Проехав мили две-три, сэр Роберт оказался в начале великолепной аллеи, ведущей к Перси-Холлу. Здесь он отдал лошадь привратнику, а сам пошел пешком, желая, прежде чем вступит в дом, обозреть парк, а вернее, завершить размышления о своей политической будущности. Однако красота окружающего пейзажа вскоре отвлекла его от серьезных мыслей. Сэр Роберт остановился на пригорке, любуясь могучими деревьями вверху, зеленой лужайкой впереди, старинной усадьбой, вздымающей свои серые трубы над темными кронами, и высокими пиками, блистающими в чистой синеве африканских небес. Покуда он так стоял, думая, возможно, не только о прелести открывшейся ему картины, из-за угла показалась молодая дама, в которой сэр Роберт тут же узнал мисс М. Перси. Она читала на ходу и явно никого не ожидала здесь встретить, однако же, подняв глаза от книги и увидев гостя, поздоровалась без всякой растерянности.
В присутствии столь юной и прекрасной особы сэр Роберт не мог сохранять обычную свою церемонную сухость. Он ответил на ее приветствие, вернее (поскольку обратился к ней первый), объяснил, что его сюда привело, и продолжил:
– Должен сказать, мадам, эта страна то и дело опровергает мои о ней представления. Я не думал, что в Африке есть такие прекрасные, чисто английские уголки. И еще позвольте заметить: я не знал, что здесь наслышаны о поэте, чей томик вы держите в руках.
– Сэр, полагаю, в последнем случае вы правы или почти правы. К востоку от этих гор его поэзия известна мало. Согласитесь ли вы поверить, что я осведомлена больше других? Я живу ближе к вашему острову и по прочтении этой книги нашла ее совсем не английской. Что ваши соотечественники думают о лорде Байроне?
– Мои соотечественники, мадам, боятся его и не понимают. Для нас он слишком похож на уроженца Стеклянного города. Что до меня, я знал его и сумел оценить.
При известии, что сэр Роберт Пелам был лично знаком с ее кумиром, глаза мисс Перси засверкали.
– Так вы с ним встречались? Отец видел его раз или два и говорит, что он был рожден для нашей страны и погиб оттого, что не смог прижиться на родной почве. Вы чересчур гордитесь вашим поэтом, сэр. Взгляните на нашего.
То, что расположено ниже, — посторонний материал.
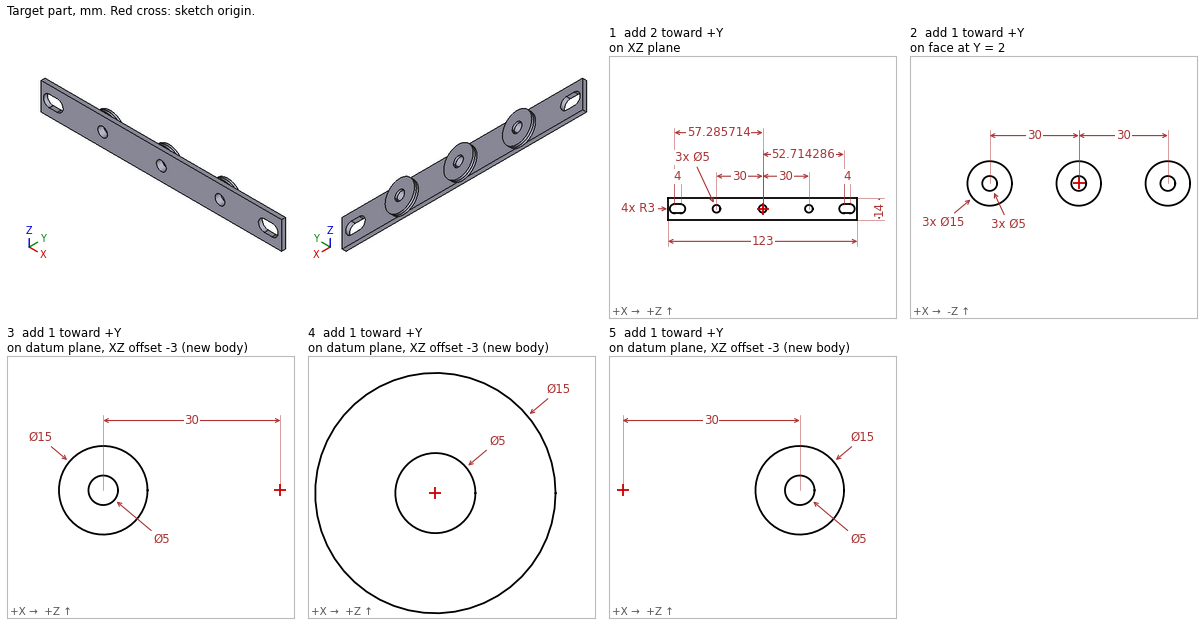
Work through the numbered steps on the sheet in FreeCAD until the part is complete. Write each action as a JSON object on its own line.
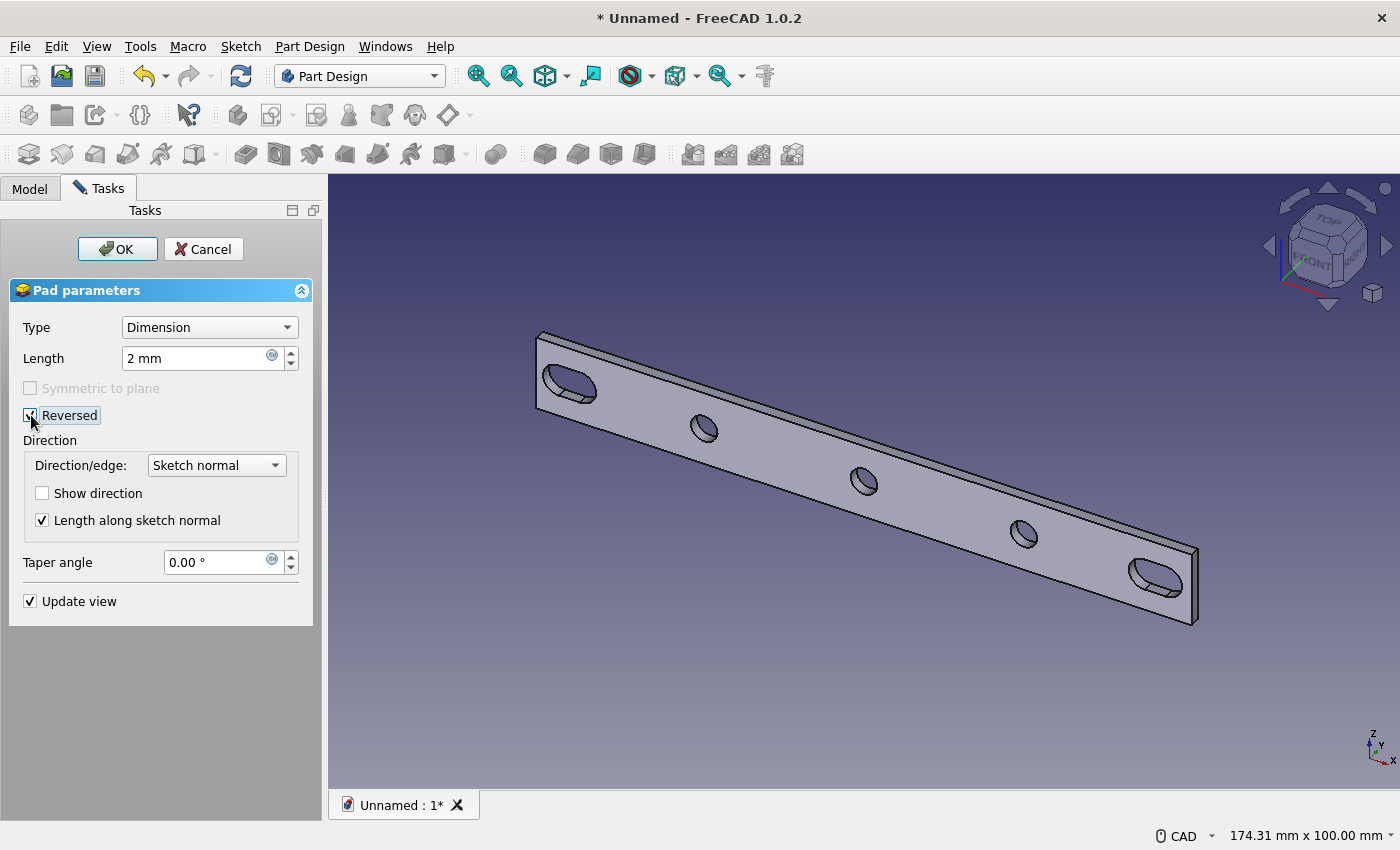
{"action": "left_click", "coordinate": [118, 249]}

И мисс Перси протянула ему изящно переплетенный томик в одну двенадцатую листа, великолепно отпечатанный на бумаге цвета слоновой кости. Надпись на титульном листе гласила: «Июнь 1824. М. Г. Перси от ее отца, А. Перси Ш.». То были стихи Артура, маркиза Доуро.
– О, мадам, я знаю это имя и почтительно перед ним склоняюсь. Сам Байрон…
– Ему уступает, хотите вы сказать.
– Да, и они очень схожи.
– Однако вам надо идти в усадьбу, сэр. Отец наверняка вас ждет.
С этими словами она свернула на боковую дорожку и пропала между деревьями. Сэр Роберт направился к усадьбе, куда вступил уже со всегдашней своей чопорной церемонностью. Вскоре прибыли его достопочтенный коллега Квоши, их помощники и члены комитета, общим числом около двух дюжин. Обед был, по обыкновению, роскошным. Мисс Перси сидела во главе стола и, несмотря на природную робость, держалась очень изящно и непринужденно. Элрингтон распахнул сокровищницу своего блистательного красноречия и обширных познаний. Он старался угодить каждому, и его усилия не пропали втуне. Все гости, хоть и представляли собой сборище отъявленных негодяев (ни один, за исключением Пелама, ради своей цели не погнушался бы прибегнуть к самым бесчестным средствам), были джентльмены и люди разнообразно осведомленные. Скатерть убрали, принесли бокалы и бутылки. Все придвинулись ближе к столу. Глаза заблестели ярче. Бокал за бокалом, бутылка за бутылкой, и вот уже рекой полились разговоры о Стеклянном городе, о политике и о деле, которое их здесь свело. Пелам, блюдя репутацию, пил с оглядкой, не выходя за рамки умеренности, а его бойкая, плавно струящаяся речь не давала другим заметить, как редко он себе подливает. Элрингтон осушил бутылку бренди с видом полного равнодушия, Квоши – шесть бутылок вина с нескрываемым удовольствием. Часов в десять-одиннадцать гости, многие изрядно под мухой, разошлись в приятном воодушевлении, предварительно сговорившись встретиться завтра на трибунах Стеклянного города Веллингтонии.
Глава 5
На следующее утро предстояли первые выступления кандидатов, и еще до того, как заалел восток, тысячи людей высыпали из домов, чтобы их послушать. Перед ратушей воздвигли огромную трибуну, за которой могли поместиться двести-триста человек. С ее боков поставили по роте кавалеристов, дабы предупредить почти неизбежные столкновения. Все улицы пестрели листовками и плакатами, алыми (у демократов) и ярко-зелеными (у конституционалистов). Бесчисленные знамена тех же цветов колыхались над компаниями избирателей, вступающими в город со всех сторон; гром оркестров, нелепый колокольный трезвон, крики и возгласы – все придавало сцене захватывающее величие.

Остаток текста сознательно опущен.